## Exercise brief:
Without the images, print all the entries below exactly as given.
(Beginning of Extracted entries)
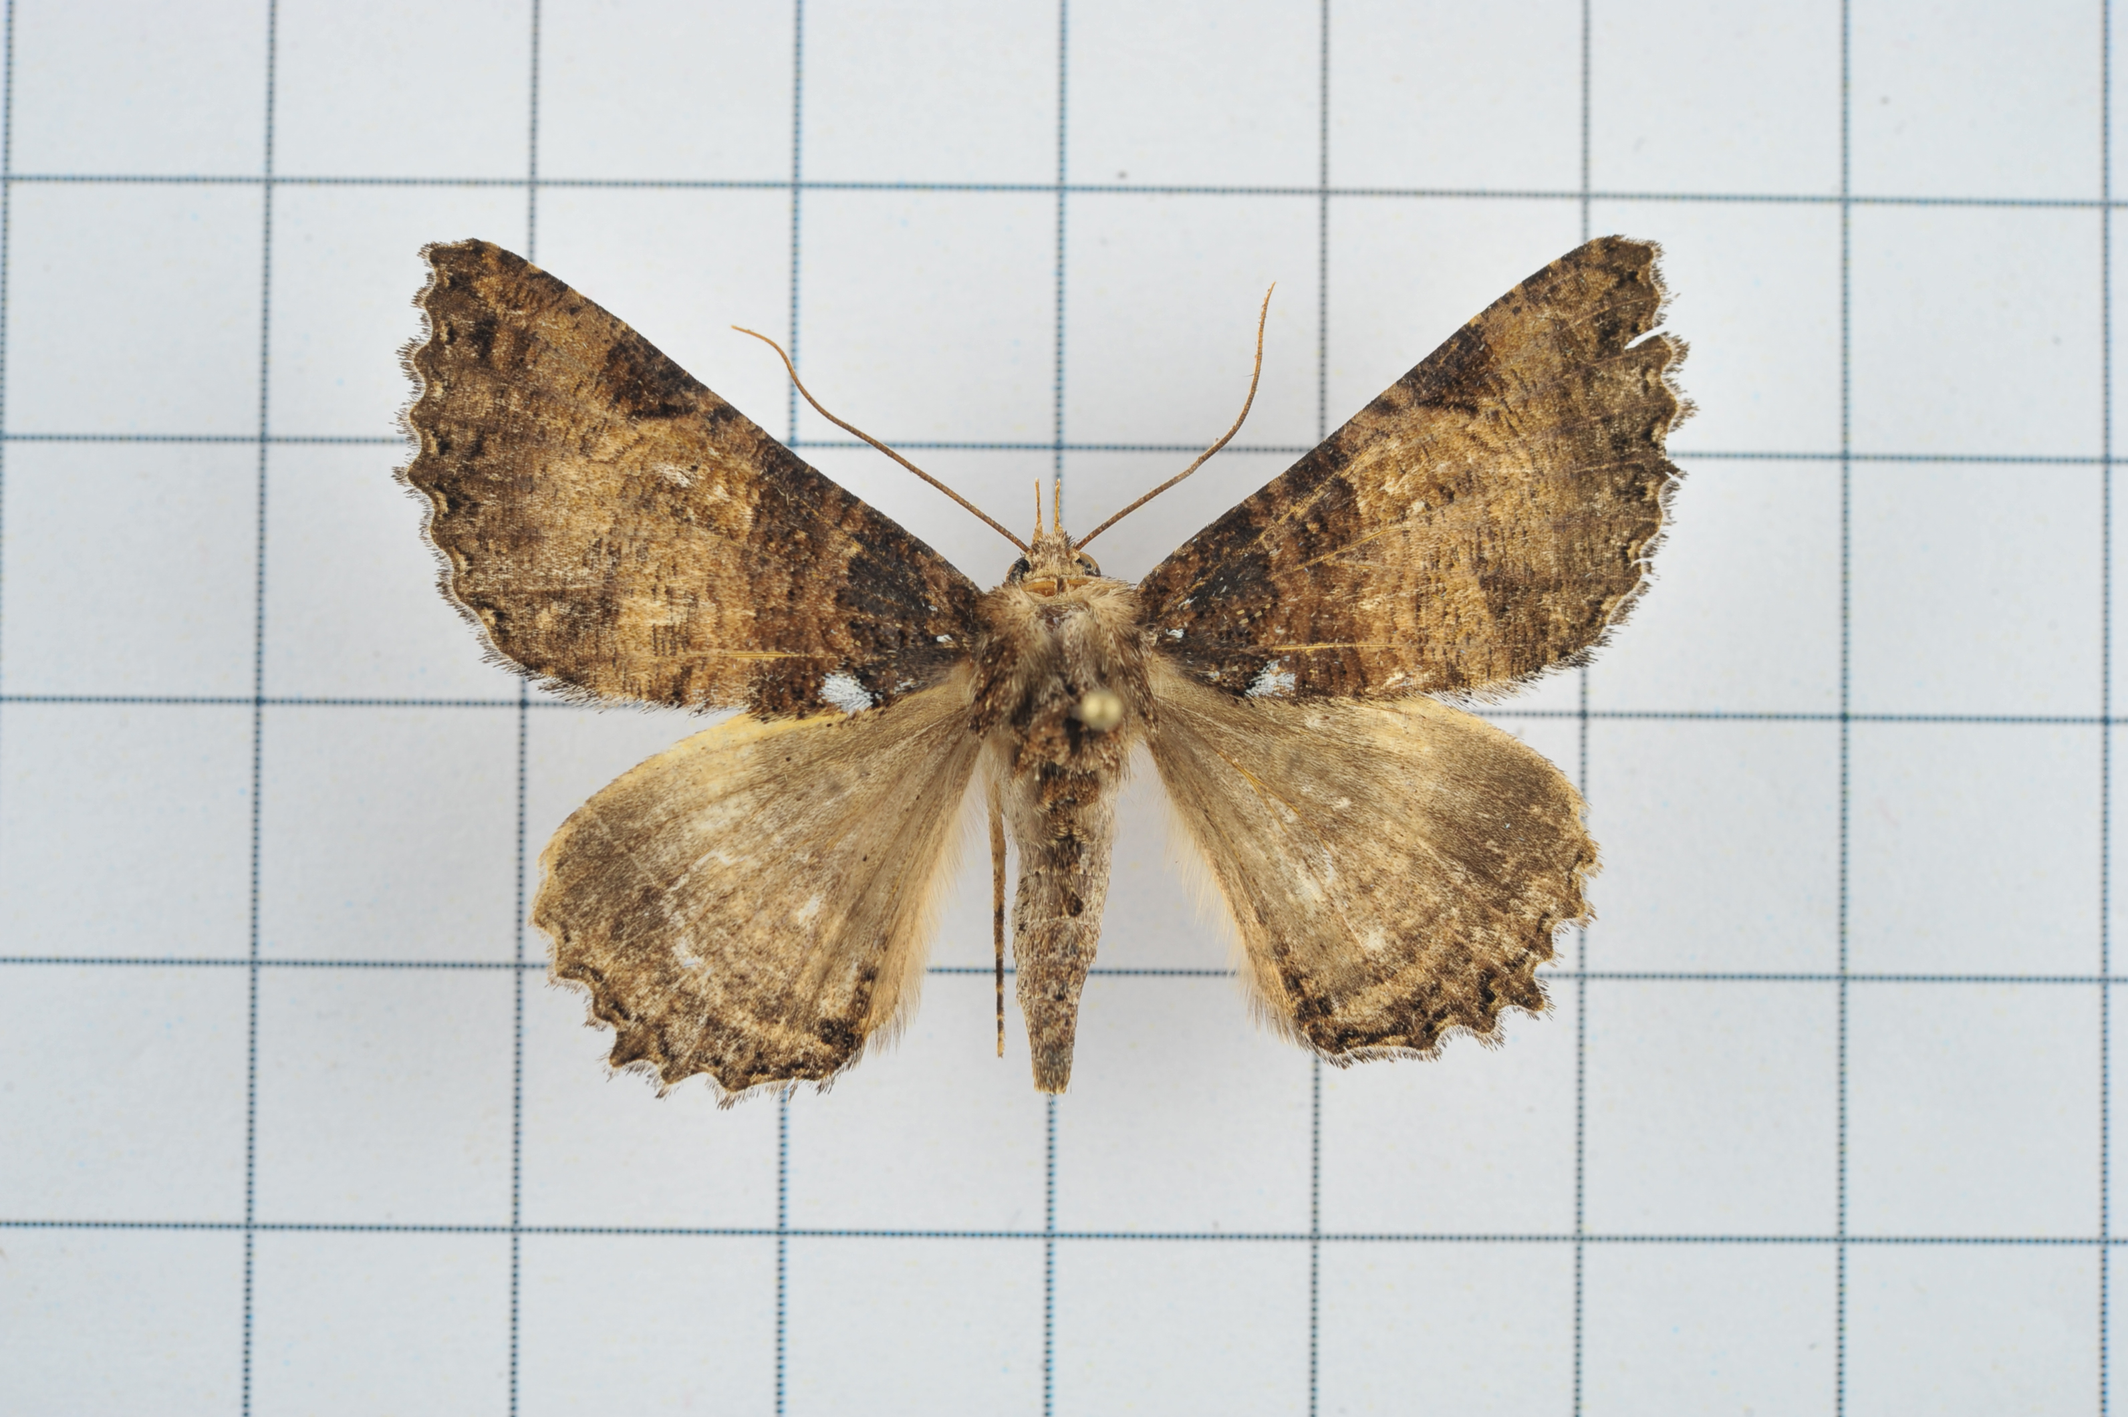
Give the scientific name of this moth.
Daddala lucilla
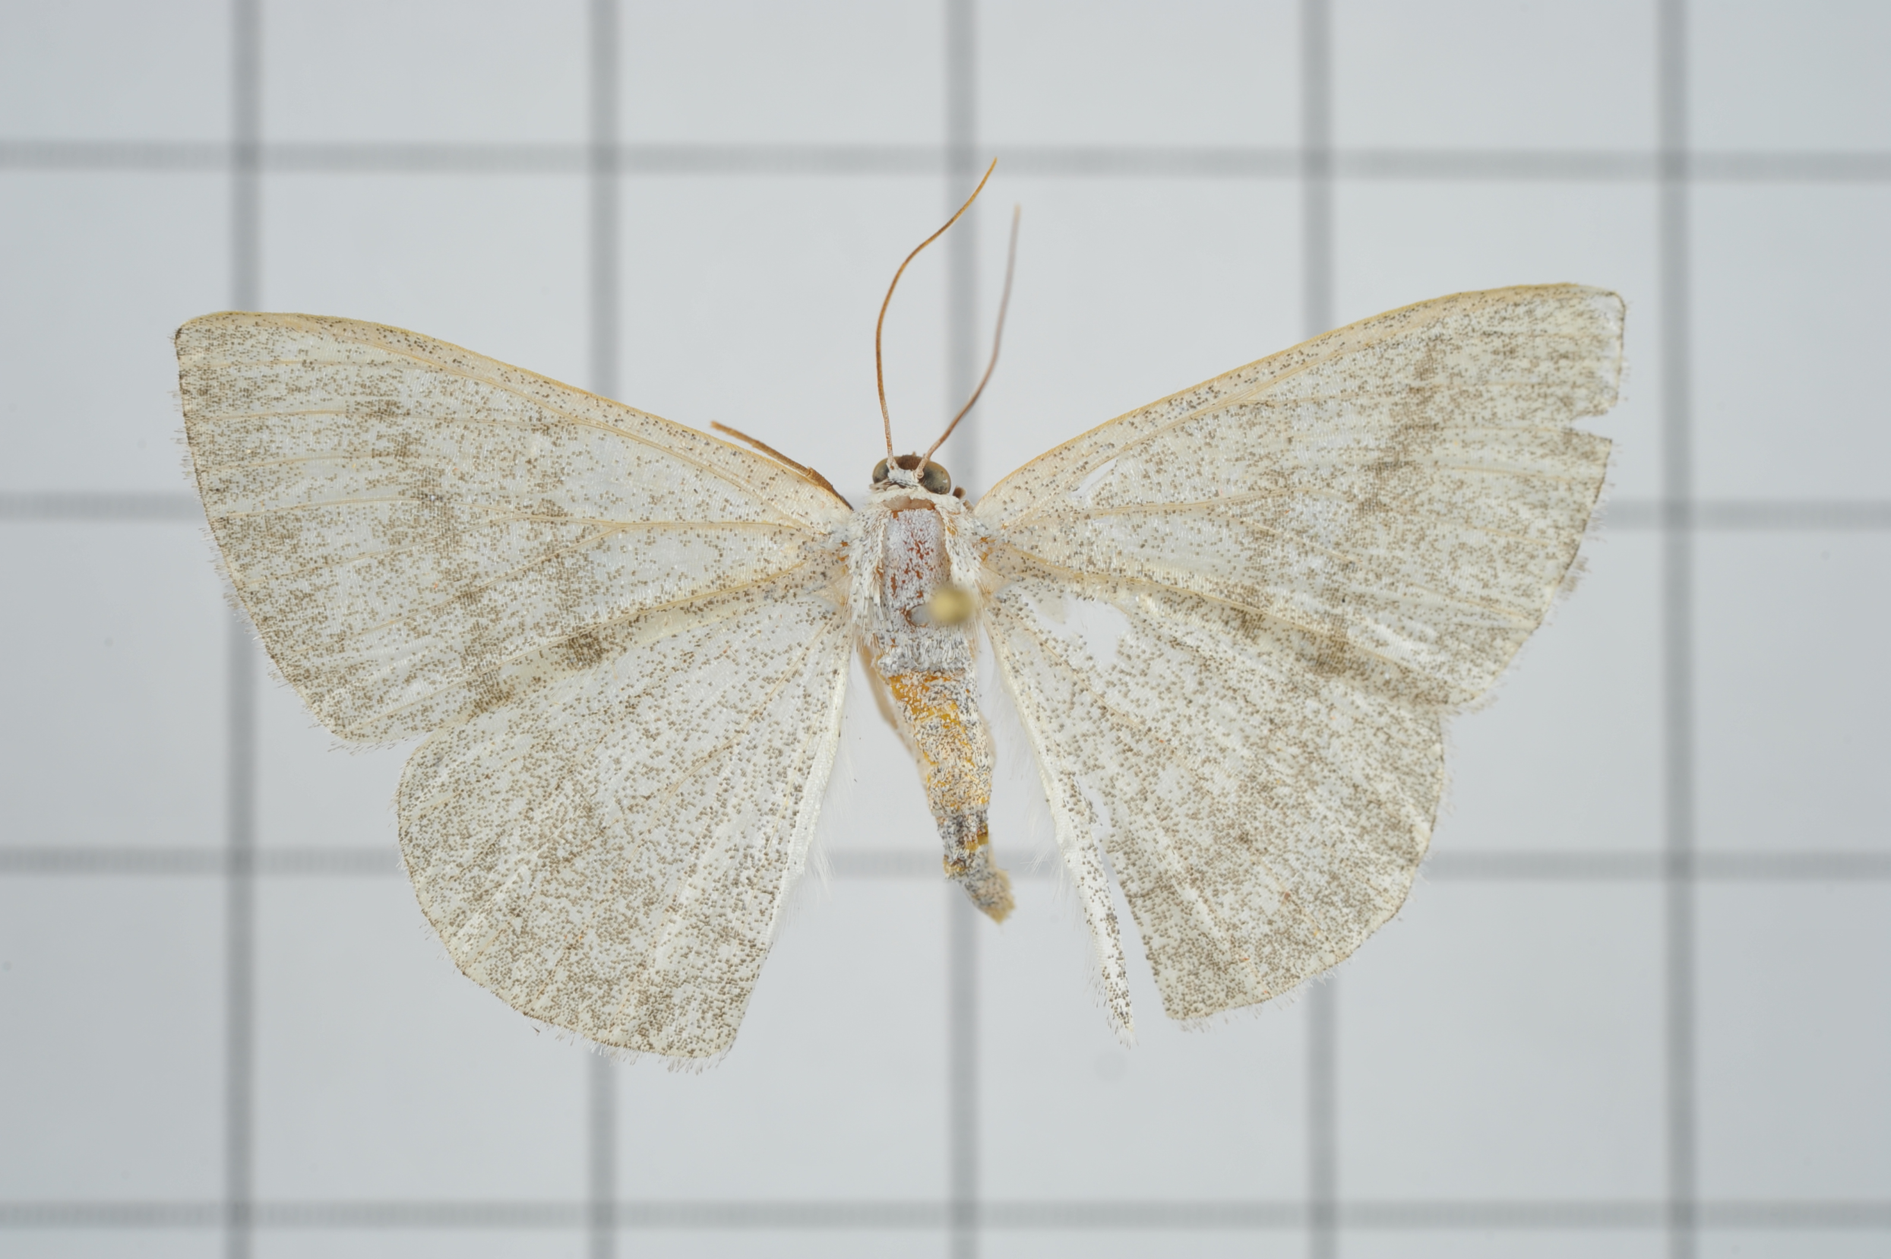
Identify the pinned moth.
Lomographa platyleucata marginata
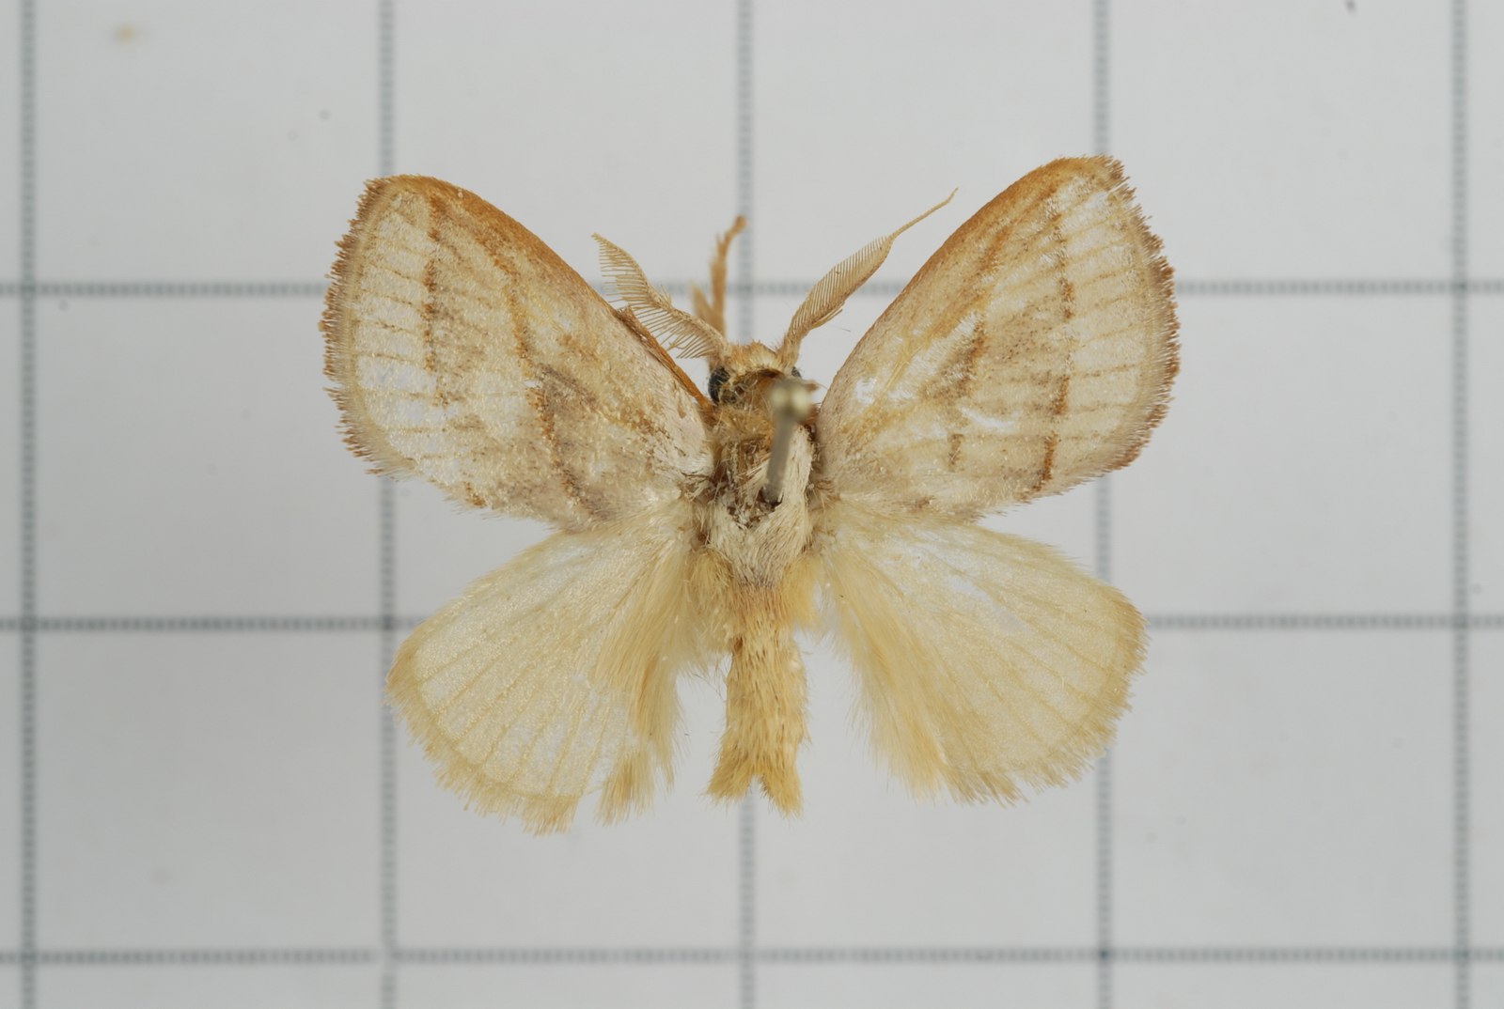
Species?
Cania heppneri
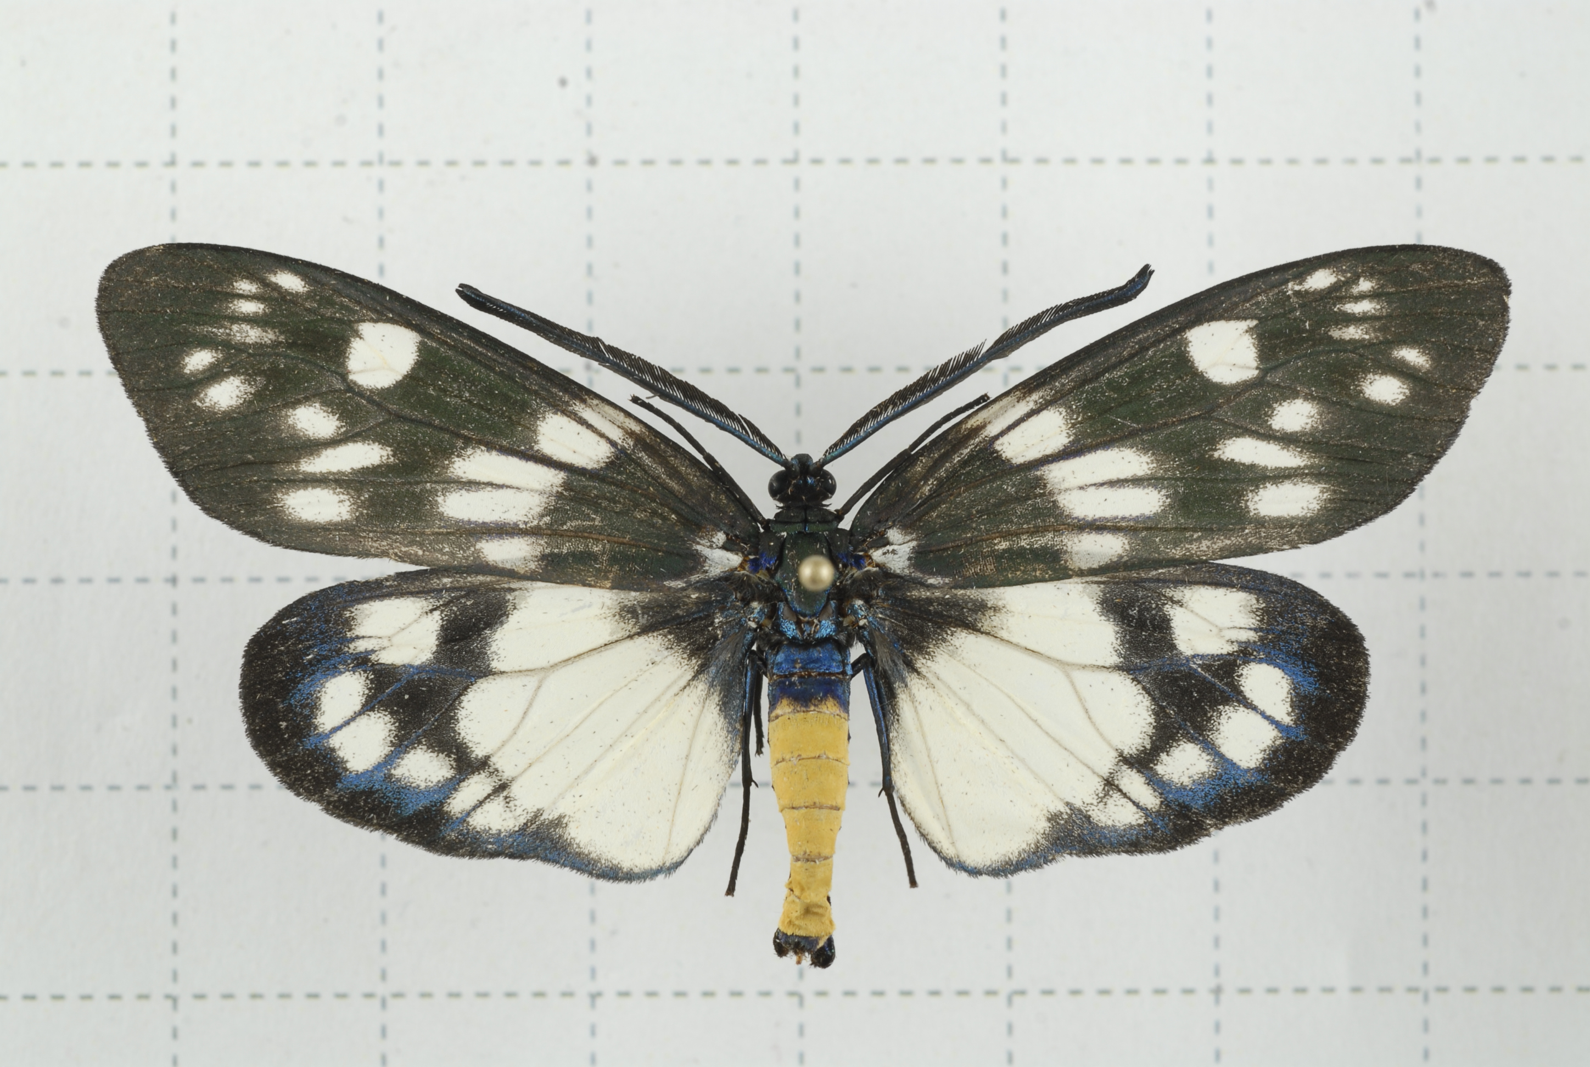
(End of Extracted entries)
## Reply to the exercise:
Give the scientific name of this moth.
Daddala lucilla
Identify the pinned moth.
Lomographa platyleucata marginata
Species?
Cania heppneri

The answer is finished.